§ Action item
Check every line of the data for the string "degrees" and copy the ones that have it.

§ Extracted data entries
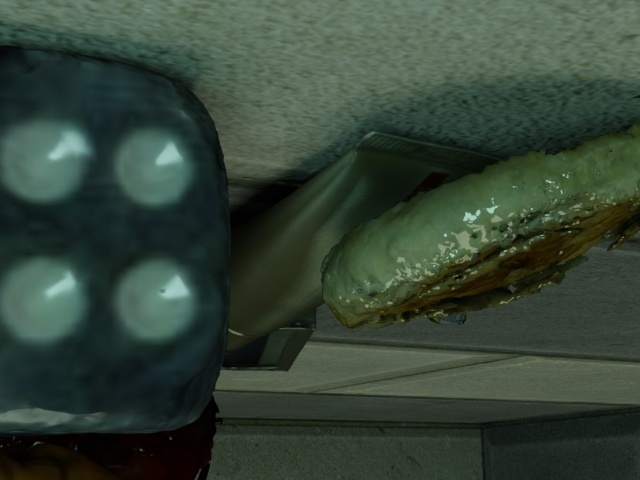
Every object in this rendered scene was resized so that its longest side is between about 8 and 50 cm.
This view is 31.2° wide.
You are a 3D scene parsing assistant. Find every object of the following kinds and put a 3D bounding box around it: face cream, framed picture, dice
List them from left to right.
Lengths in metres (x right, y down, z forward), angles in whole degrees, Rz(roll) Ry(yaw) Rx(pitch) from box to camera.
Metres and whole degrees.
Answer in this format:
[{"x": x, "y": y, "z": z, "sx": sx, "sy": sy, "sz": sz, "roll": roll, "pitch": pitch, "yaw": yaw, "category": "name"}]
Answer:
[{"x": -0.154, "y": 0.010, "z": 0.585, "sx": 0.182, "sy": 0.181, "sz": 0.183, "roll": 2, "pitch": 170, "yaw": -25, "category": "dice"}, {"x": -0.185, "y": 0.133, "z": 1.471, "sx": 0.326, "sy": 0.028, "sz": 0.446, "roll": 0, "pitch": 167, "yaw": -5, "category": "framed picture"}, {"x": 0.000, "y": 0.000, "z": 0.818, "sx": 0.137, "sy": 0.084, "sz": 0.341, "roll": 10, "pitch": 157, "yaw": -30, "category": "face cream"}]

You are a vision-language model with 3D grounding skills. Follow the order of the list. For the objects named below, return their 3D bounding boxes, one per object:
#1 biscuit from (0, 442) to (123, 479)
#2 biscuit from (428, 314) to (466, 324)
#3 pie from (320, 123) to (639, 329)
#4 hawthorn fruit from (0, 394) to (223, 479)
[{"x": -0.291, "y": 0.183, "z": 0.657, "sx": 0.318, "sy": 0.110, "sz": 0.312, "roll": -3, "pitch": 165, "yaw": -27, "category": "biscuit"}, {"x": 0.137, "y": 0.057, "z": 1.174, "sx": 0.048, "sy": 0.026, "sz": 0.292, "roll": 2, "pitch": 167, "yaw": 3, "category": "biscuit"}, {"x": 0.123, "y": -0.004, "z": 0.716, "sx": 0.274, "sy": 0.055, "sz": 0.274, "roll": -19, "pitch": 167, "yaw": -5, "category": "pie"}, {"x": -0.244, "y": 0.143, "z": 0.946, "sx": 0.316, "sy": 0.316, "sz": 0.316, "roll": -1, "pitch": 167, "yaw": 0, "category": "hawthorn fruit"}]
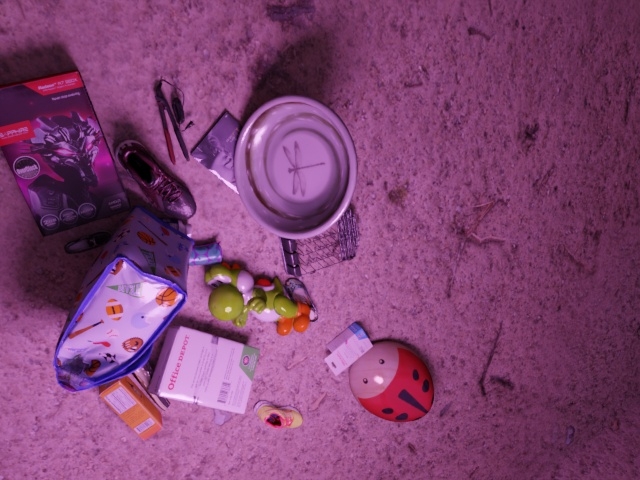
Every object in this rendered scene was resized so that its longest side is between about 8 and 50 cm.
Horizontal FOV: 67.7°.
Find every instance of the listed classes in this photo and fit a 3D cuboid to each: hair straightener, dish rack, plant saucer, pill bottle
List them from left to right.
[{"bbox_3d":[-0.441,-0.030,1.393,0.120,0.067,0.067,5,104,-27],"label":"pill bottle"},{"bbox_3d":[-0.400,-0.332,1.333,0.088,0.047,0.231,-17,109,-20],"label":"hair straightener"},{"bbox_3d":[-0.063,-0.208,1.370,0.100,0.400,0.401,-20,121,-60],"label":"plant saucer"},{"bbox_3d":[0.000,0.000,1.614,0.271,0.074,0.209,-18,115,-21],"label":"dish rack"}]

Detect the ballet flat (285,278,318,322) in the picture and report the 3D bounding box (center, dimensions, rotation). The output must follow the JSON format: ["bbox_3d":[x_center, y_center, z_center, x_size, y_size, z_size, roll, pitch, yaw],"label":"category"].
[{"bbox_3d":[-0.058,0.213,1.659,0.070,0.070,0.189,-36,118,-11],"label":"ballet flat"}]

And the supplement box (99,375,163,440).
[{"bbox_3d":[-0.592,0.516,1.496,0.080,0.078,0.234,-31,117,-10],"label":"supplement box"}]

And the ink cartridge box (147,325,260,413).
[{"bbox_3d":[-0.362,0.408,1.503,0.289,0.121,0.211,26,66,-29],"label":"ink cartridge box"}]

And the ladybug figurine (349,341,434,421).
[{"bbox_3d":[0.307,0.583,1.898,0.449,0.162,0.305,37,88,-30],"label":"ladybug figurine"}]

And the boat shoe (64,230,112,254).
[{"bbox_3d":[-0.645,0.007,1.324,0.125,0.038,0.046,-16,113,-20],"label":"boat shoe"}]

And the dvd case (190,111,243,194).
[{"bbox_3d":[-0.254,-0.249,1.439,0.221,0.018,0.165,40,87,-30],"label":"dvd case"}]

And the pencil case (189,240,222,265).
[{"bbox_3d":[-0.378,0.040,1.448,0.151,0.064,0.070,-3,100,-25],"label":"pencil case"}]

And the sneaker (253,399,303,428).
[{"bbox_3d":[-0.145,0.657,1.746,0.208,0.094,0.082,25,93,-31],"label":"sneaker"}]

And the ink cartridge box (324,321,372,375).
[{"bbox_3d":[0.095,0.409,1.797,0.181,0.061,0.104,-37,118,-11],"label":"ink cartridge box"}]

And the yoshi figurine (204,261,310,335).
[{"bbox_3d":[-0.217,0.216,1.514,0.362,0.203,0.204,32,98,-27],"label":"yoshi figurine"}]

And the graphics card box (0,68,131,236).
[{"bbox_3d":[-0.660,-0.219,1.212,0.232,0.094,0.371,-20,115,-19],"label":"graphics card box"}]

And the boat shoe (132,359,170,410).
[{"bbox_3d":[-0.526,0.439,1.499,0.073,0.080,0.224,-39,116,-28],"label":"boat shoe"}]

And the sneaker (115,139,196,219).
[{"bbox_3d":[-0.442,-0.145,1.299,0.106,0.162,0.281,-46,119,-5],"label":"sneaker"}]

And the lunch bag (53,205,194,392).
[{"bbox_3d":[-0.511,0.160,1.240,0.238,0.328,0.385,37,101,-23],"label":"lunch bag"}]
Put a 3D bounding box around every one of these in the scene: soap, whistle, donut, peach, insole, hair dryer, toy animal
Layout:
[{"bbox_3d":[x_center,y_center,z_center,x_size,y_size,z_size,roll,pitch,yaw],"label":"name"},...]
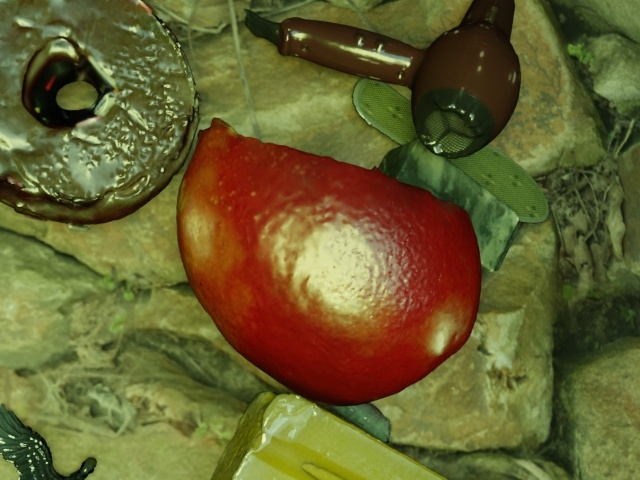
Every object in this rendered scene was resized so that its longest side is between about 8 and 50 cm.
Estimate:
[{"bbox_3d":[0.028,0.316,0.827,0.314,0.091,0.199,31,72,-15],"label":"soap"},{"bbox_3d":[0.015,0.179,0.868,0.176,0.033,0.033,36,71,-14],"label":"whistle"},{"bbox_3d":[-0.257,-0.141,0.761,0.269,0.103,0.270,4,79,-22],"label":"donut"},{"bbox_3d":[0.000,0.000,0.768,0.281,0.281,0.338,-33,87,-22],"label":"peach"},{"bbox_3d":[0.177,-0.113,0.970,0.322,0.007,0.109,31,53,-15],"label":"insole"},{"bbox_3d":[0.080,-0.251,0.914,0.340,0.123,0.313,17,47,2],"label":"hair dryer"},{"bbox_3d":[-0.261,0.257,0.729,0.108,0.062,0.220,-42,93,-21],"label":"toy animal"}]

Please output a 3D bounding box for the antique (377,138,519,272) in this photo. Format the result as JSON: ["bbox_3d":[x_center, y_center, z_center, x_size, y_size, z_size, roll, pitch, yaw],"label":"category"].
[{"bbox_3d":[0.152,-0.033,0.922,0.183,0.088,0.086,34,73,-15],"label":"antique"}]
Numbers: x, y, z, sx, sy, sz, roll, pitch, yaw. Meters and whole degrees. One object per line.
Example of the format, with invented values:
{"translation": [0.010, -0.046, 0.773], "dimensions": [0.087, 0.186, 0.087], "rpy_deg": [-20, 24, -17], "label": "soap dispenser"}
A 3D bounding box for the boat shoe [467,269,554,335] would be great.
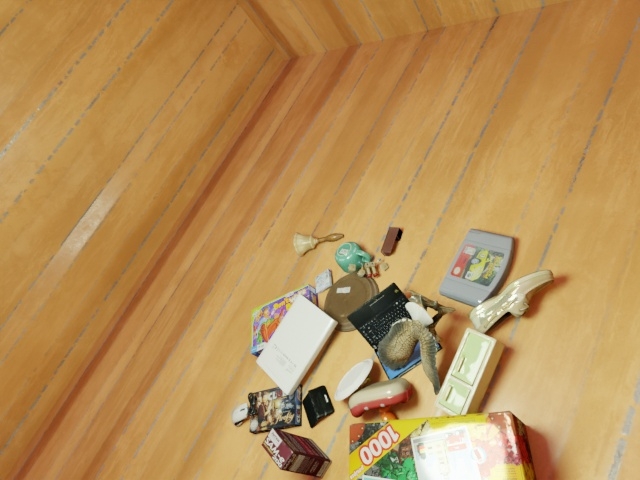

§ Response area
Lengths in metres (x right, y down, z forward), angles in whole degrees, Rz(roll) Ry(yaw) Rx(pitch) from box to camera.
Metres and whole degrees.
Numbers: x, y, z, sx, sy, sz, roll, pitch, yaw. Meters and whole degrees. One object per line.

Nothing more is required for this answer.